Question

2 C4H10 + 13O2 -------> 8CO2 + 10H2O

Answer 1

Answer:

A. 2 : 13

B. 10 : 13

C. 10 moles of water, H₂O.

D. 2 moles of butane, C₄H₁₀

E. 116 g of butane, C₄H₁₀

F. 13 moles of oxygen, O₂

G. 416 g of oxygen, O₂

Explanation:

The equation for the reaction is given below:

2C₄H₁₀ + 13O₂ —> 8CO₂ + 10H₂O

A. Determination of the mole ratio between butane and oxygen gas.

Mole of butane, C₄H₁₀ = 2 moles

Mole of oxygen, O₂ = 13 moles

Mole ratio of butane and oxygen = 2 : 13

B. Determination of the mole ratio between water and oxygen gas

Mole of the water, H₂O = 10 moles

Mole of oxygen, O₂ = 13 moles

Mole ratio of water and oxygen = 10 : 13

C. Determination of the moles of water formed.

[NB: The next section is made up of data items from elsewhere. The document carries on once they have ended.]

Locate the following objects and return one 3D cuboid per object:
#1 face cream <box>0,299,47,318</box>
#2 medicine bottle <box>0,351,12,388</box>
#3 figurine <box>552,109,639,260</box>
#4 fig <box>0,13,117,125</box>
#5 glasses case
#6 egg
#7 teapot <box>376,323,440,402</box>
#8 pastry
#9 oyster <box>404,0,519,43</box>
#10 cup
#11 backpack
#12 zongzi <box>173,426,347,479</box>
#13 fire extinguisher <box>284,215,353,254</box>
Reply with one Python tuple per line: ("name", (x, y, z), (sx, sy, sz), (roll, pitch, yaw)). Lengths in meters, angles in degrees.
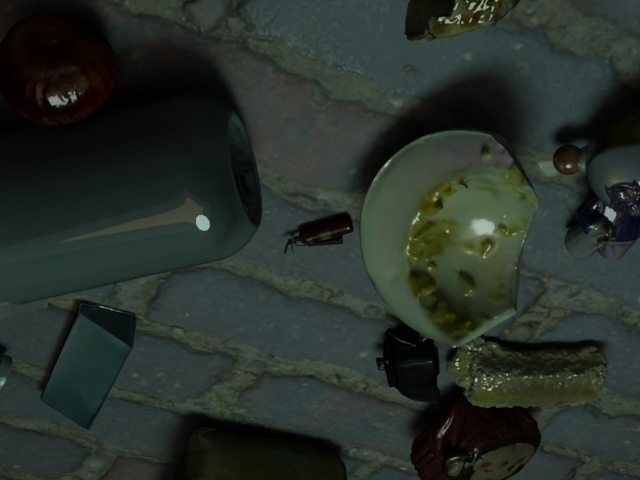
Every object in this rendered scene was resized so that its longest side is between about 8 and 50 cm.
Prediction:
("face cream", (-0.497, -0.002, 1.143), (0.234, 0.137, 0.420), (-16, 144, -20))
("medicine bottle", (-0.585, 0.167, 1.349), (0.216, 0.090, 0.090), (33, 128, -32))
("figurine", (0.376, -0.060, 1.106), (0.193, 0.133, 0.274), (18, 145, -19))
("fig", (-0.298, -0.178, 0.966), (0.150, 0.128, 0.128), (-30, 130, 35))
("glasses case", (-0.371, 0.198, 1.428), (0.105, 0.056, 0.266), (34, 131, -1))
("egg", (0.173, -0.021, 1.117), (0.206, 0.161, 0.271), (22, 112, 31))
("teapot", (0.137, 0.193, 1.401), (0.096, 0.087, 0.177), (-5, 137, 11))
("pastry", (0.336, 0.216, 1.432), (0.258, 0.089, 0.121), (4, 125, -10))
("oyster", (0.188, -0.315, 0.822), (0.110, 0.166, 0.341), (25, 115, -14))
("cup", (-0.236, -0.053, 1.041), (0.312, 0.205, 0.205), (-12, 136, 8))
("backpack", (0.260, 0.360, 1.552), (0.229, 0.139, 0.229), (-15, 146, -11))
("zongzi", (-0.141, 0.499, 1.667), (0.323, 0.160, 0.360), (16, 134, -17))
("fire extinguisher", (-0.001, -0.005, 1.229), (0.100, 0.032, 0.046), (-16, 169, 15))

From the balanced equation above,

10 moles water, H₂O were produced.

D. Determination of the moles of butane burned.

From the balanced equation above,

2 moles of butane, C₄H₁₀ were burned.

E. Determination of the mass of butane burned.

Molar mass of C₄H₁₀ = (12×4) + (10×1)

= 48 + 10 = 58 g/mol

Mole of C₄H₁₀ = 2 moles

Mass of C₄H₁₀ =?

Mass = mole × molar mass

Mass of C₄H₁₀ = 2 × 58

Mass of C₄H₁₀ = 116 g

Thus, 116 g of butane, C₄H₁₀ were burned.

F. Determination of the number of mole of oxygen used.

From the balanced equation above,

13 moles of oxygen, O₂ were used.

G. Determination of the mass of oxygen used.

Molar mass of O₂ = 2 × 16 = 32 g/mol

Mole of O₂ = 13 moles

Mass of O₂ =?

Mass = mole × molar mass

Mass of O₂ = 13 × 32

Mass of O₂ = 416 g

Thus, 416 g of oxygen, O₂ were used.